Африканцы в гораздо меньшей степени, чем белые, ощущают рискованность жизни. Иногда во время сафари или на ферме в моменты максимального напряжения я встречалась глазами с моими чернокожими спутниками и, несмотря на расстояние, чувствовала, что они поражены, насколько сильно я ощущаю риск. Это навело меня на мысль, что они несравнимо сильнее нас слиты с течением жизни, подобно рыбам, живущим в водной толще и не способным понять нашего страха утонуть. Эта уверенность, родственная умению плавать, присутствовала в них, по-моему, потому, что они сохранили понятие, утерянное еще нашими праотцами. Африка лучше, чем любой другой континент, научит вас, что Бог и дьявол едины, что это единство существует от веку; африканцы никогда ничего не путают и воспринимают сущность бытия в незамутненном виде.
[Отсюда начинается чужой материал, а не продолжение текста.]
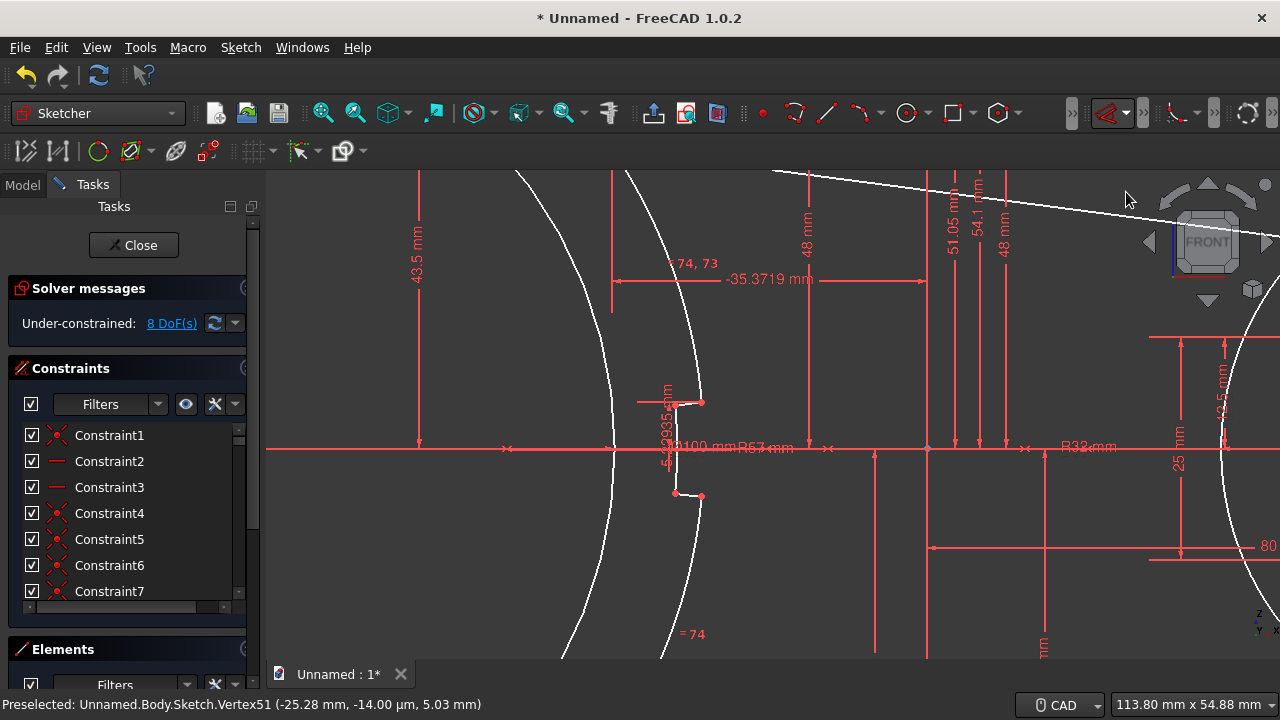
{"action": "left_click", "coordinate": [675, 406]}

Во время сафари и в процессе работы на ферме мое знакомство с африканцами постепенно перерастало в тесные, товарищеские отношения. Мы были добрыми друзьями. Я смирилась с тем фактом, что никогда до конца не узнаю и не пойму их, а они знают меня как облупленную и заранее угадывают, какие решения я приму, когда я еще ни на чем не остановилась.

Одно время у меня была маленькая ферма в Гиль-Гиль, где мне приходилось жить в палатке; я путешествовала между Гиль-Гиль и Нгонг на поезде. В Гиль-Гиль дождь мог заставить меня принять мгновенное решение ехать в Нгонг. Но когда я доезжала до Кикуйю — нашей железнодорожной станции, откуда до фермы еще оставалось десять миль, там меня обязательно поджидал человек с фермы и мул. На мой вопрос, как они догадались о моем возвращении, они отводили глаза или испытывали смущение, словно им было страшно или скучно; точно так же реагировали бы мы с вами, если бы глухой потребовал объяснить ему словами симфонию.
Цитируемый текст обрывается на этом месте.